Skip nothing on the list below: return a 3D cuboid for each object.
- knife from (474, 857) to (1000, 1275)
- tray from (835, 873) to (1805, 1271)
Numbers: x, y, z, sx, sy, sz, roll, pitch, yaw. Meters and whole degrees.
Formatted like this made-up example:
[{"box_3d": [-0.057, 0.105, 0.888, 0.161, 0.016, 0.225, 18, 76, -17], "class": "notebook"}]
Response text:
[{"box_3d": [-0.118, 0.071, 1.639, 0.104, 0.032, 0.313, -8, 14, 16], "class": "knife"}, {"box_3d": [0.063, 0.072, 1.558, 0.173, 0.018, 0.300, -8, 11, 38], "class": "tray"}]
...
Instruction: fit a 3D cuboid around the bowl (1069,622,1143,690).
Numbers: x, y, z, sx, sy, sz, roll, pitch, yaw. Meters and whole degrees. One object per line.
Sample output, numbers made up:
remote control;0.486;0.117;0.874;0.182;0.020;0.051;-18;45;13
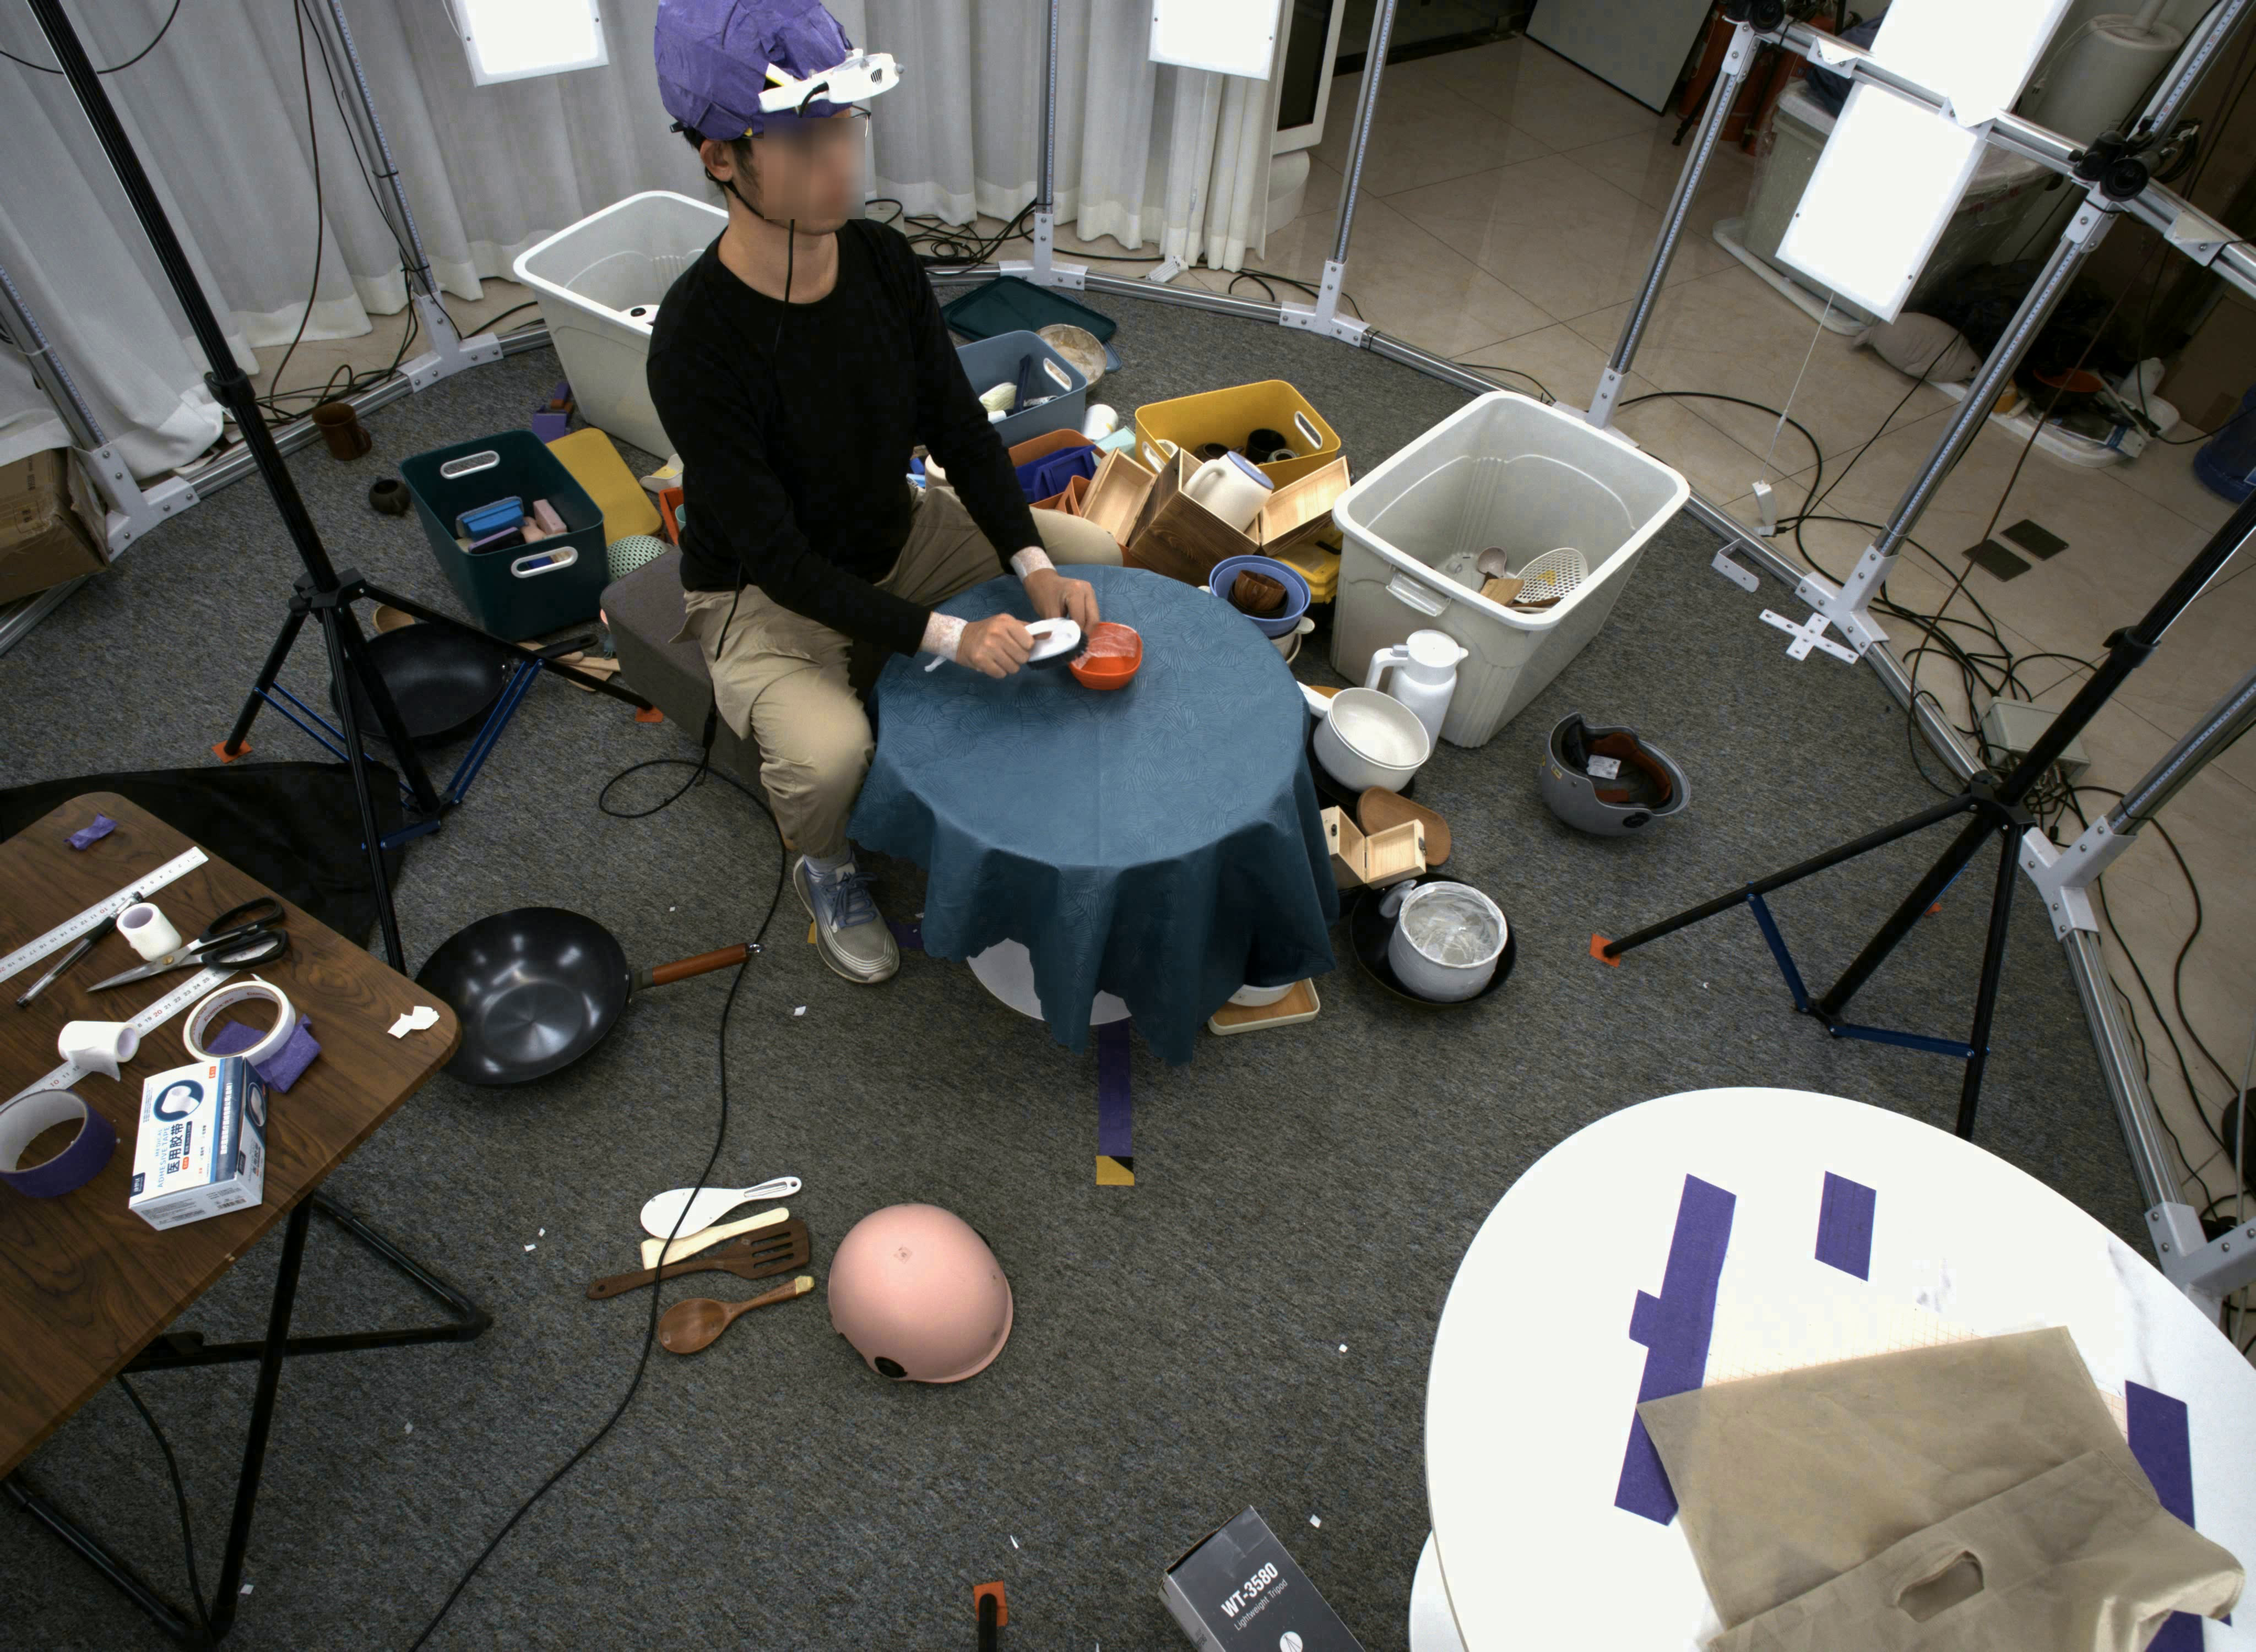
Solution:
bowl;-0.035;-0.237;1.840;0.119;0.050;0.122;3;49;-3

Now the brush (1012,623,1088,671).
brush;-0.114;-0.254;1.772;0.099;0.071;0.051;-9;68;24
==
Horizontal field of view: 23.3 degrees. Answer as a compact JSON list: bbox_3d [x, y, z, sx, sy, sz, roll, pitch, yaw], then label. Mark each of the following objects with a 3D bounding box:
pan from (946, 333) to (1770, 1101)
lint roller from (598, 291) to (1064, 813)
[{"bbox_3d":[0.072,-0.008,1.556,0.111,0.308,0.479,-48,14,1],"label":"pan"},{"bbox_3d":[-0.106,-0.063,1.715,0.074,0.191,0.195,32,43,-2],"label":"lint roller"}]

(PROBLEM REQUIREMENTS):
Set apart and copy each line of the records that holds the word "list".

(SOLUTION TO THIS EXERCISE):
Skip nothing on the list below: return a 3D cuboid for each object.
Horizontal field of view: 23.3 degrees. Answer as a compact JSON list: bbox_3d [x, y, z, sx, sy, sz, roll, pitch, yaw], then label. Mark each of the following objects with a 3D bounding box:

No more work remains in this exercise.